Demonstrações de carinho como essa são novidades para Líllian e ela admite isso. Quando era mais nova, foi criticada por ter dificuldades em abraçar, beijar e dizer “eu te amo” para parentes, amigos e namorados. Com o nascimento da filha, essa distância entre sentir e demonstrar ficou menor. Mas nada em exagero. Líllian tem mais afinidade com as palavras e escrever é o melhor jeito que ela encontra para usá-las bem.

“Saí do jornal por volta de 22 horas. Em minutos estava na companhia confortante da pequena Maria. Ao me ver machucada ela virou-se de lado e chorou. ‘Fiquei triste porque você machucou’, disse entre lágrimas sentidas e o abraço mais gostoso que há no mundo. Ouvi tudo como se escutasse música clássica.

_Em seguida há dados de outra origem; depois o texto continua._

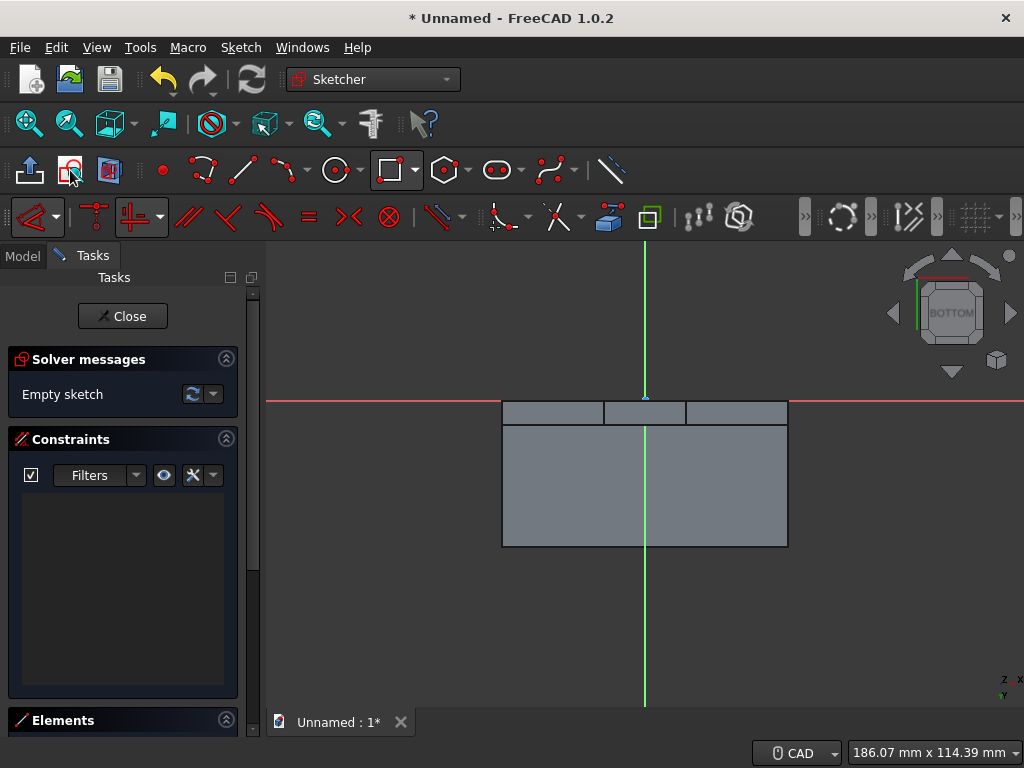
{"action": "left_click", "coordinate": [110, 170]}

A voz mais linda me contava os feitos mais interessantes do mundo. Fomos dormir. Depois de todo o stress de ter sido atropelada, fechei os olhos. Minutos depois os abri com a certeza de que veria a pequena já adormecida. Mas para minha surpresa, vi que os pequenos olhos me observavam. Por alguns minutos ela vigiou meu sono e ao me ver abriu um lindo e doce sorriso. E com magia plena me abraçou e encheu meu rosto de beijos. Os melhores do mundo. Naquele instante pensei: pode me faltar tudo, se sobrar esse sorriso meu mundo está completo. Não há atropelamento que me tire essa alegria e que abale esse amor”.

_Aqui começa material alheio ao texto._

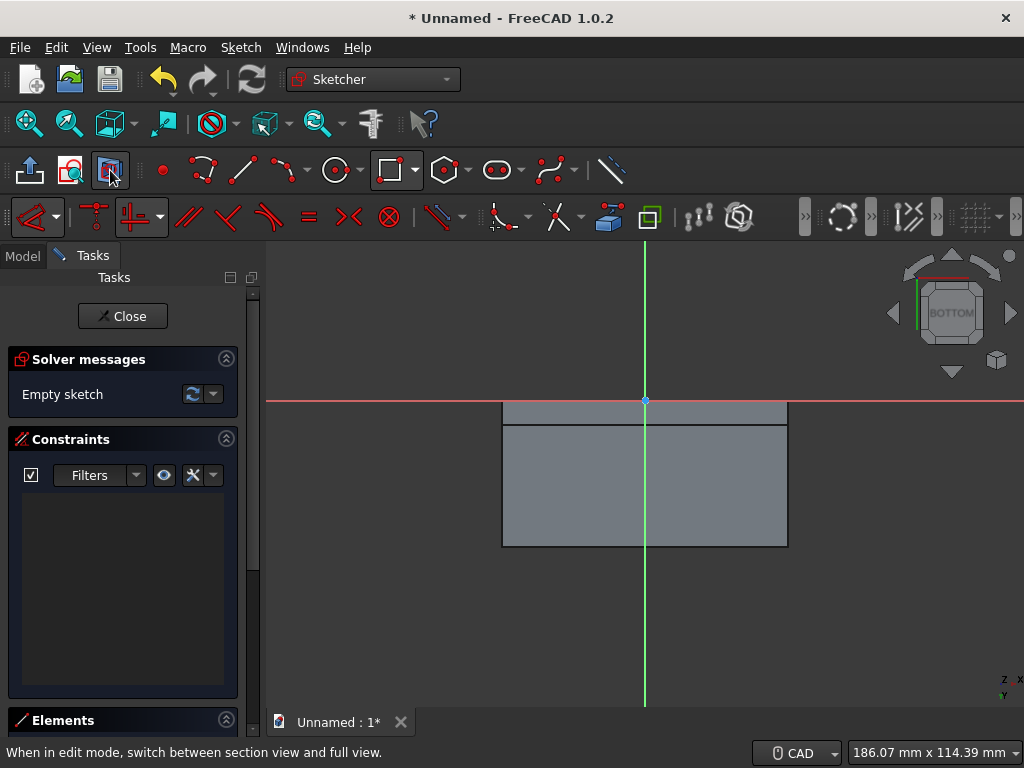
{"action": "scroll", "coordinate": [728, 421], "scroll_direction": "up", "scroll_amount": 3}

O trecho acima faz parte de um texto que está no blog da mãe da Maria. É no diário eletrônico também que ela desabafa sobre os anseios, as frustrações da vida profissional, embalada pelas experiências na cobertura diária de política para um jornal de grande circulação em Goiás.

 “O poeta é um fingidor.
Finge tão completamente
Que chega a fingir que é dor
A dor que deveras sente” Fernando Pessoa

Fã declarada do enigmático poeta e escritor português responsável pelos versos acima, Líllian não consegue fingir. Nem mesmo o registro de atriz profissional que ela tem desde a época de escola facilita qualquer tipo de atuação quando está lidando com a vida real. A autenticidade sempre prevalece. Se está nervosa, deixa transparecer de forma bem clara. Se algo a incomoda, não hesita em dizer. Se fica alegre, exala euforia. Pode até evitar as lágrimas, mas demonstra que por dentro está fervendo. Em geral, as frases são ditas por Líllian antes que ela conclua o pensamento.

Troca-letras

Há, entre a tribo de jornalistas brasileiros, uma forma carinhosa – ou seria irônica – de apelidar esses profissionais: “troca-letras”. A denominação se deve ao uso contínuo da língua portuguesa, ferramenta de trabalho para qualquer um que exerce a profissão, independente do veículo. A Líllian faz isso literalmente. Mas em vez de letras, ela troca as palavras. Tem uma facilidade para esquecer as coisas (para não dizer dificuldade em lembrar) e troca os vocábulos com freqüência, deixando o interlocutor da conversa bastante confuso. Coisas do tipo: “espera que eu vou trocar a Maria da fralda" ou "corta o telefone enquanto eu atendo a pizza". Diversão garantida.

Na semana em que eu preparava este perfil, tive o mais recente exemplo desse jeito “desmemoriado” de ser. No início da tarde de uma segunda-feira, ela deixou a filha na escola e foi em direção ao ponto de ônibus. Foi atropelada por um carro enquanto atravessava a faixa de pedestres, com o semáforo indicando a luz vermelha. Por sorte, sofreu apenas alguns ferimentos externos e pôde trabalhar no mesmo dia. À noite, quando ela me ligou para contar o que tinha acontecido, soltou a máxima: “Eu atravessei o ônibus e peguei a rua”. Na seqüência, soltou gargalhadas. O que ela queria mesmo dizer era que havia atravessado a via pública e tomado o coletivo, que a levaria ao jornal onde trabalha. Simples.

Sempre imaginei como seria a elaboração de uma matéria jornalística pela minha amiga “troca-letras”. Cheguei a perguntar-lhe se trocava muito as palavras enquanto fazia as entrevistas. Ela me respondeu que realmente fazia algumas confusões ao conversar com os entrevistados, mas que, ao final do texto, tudo se resolvia.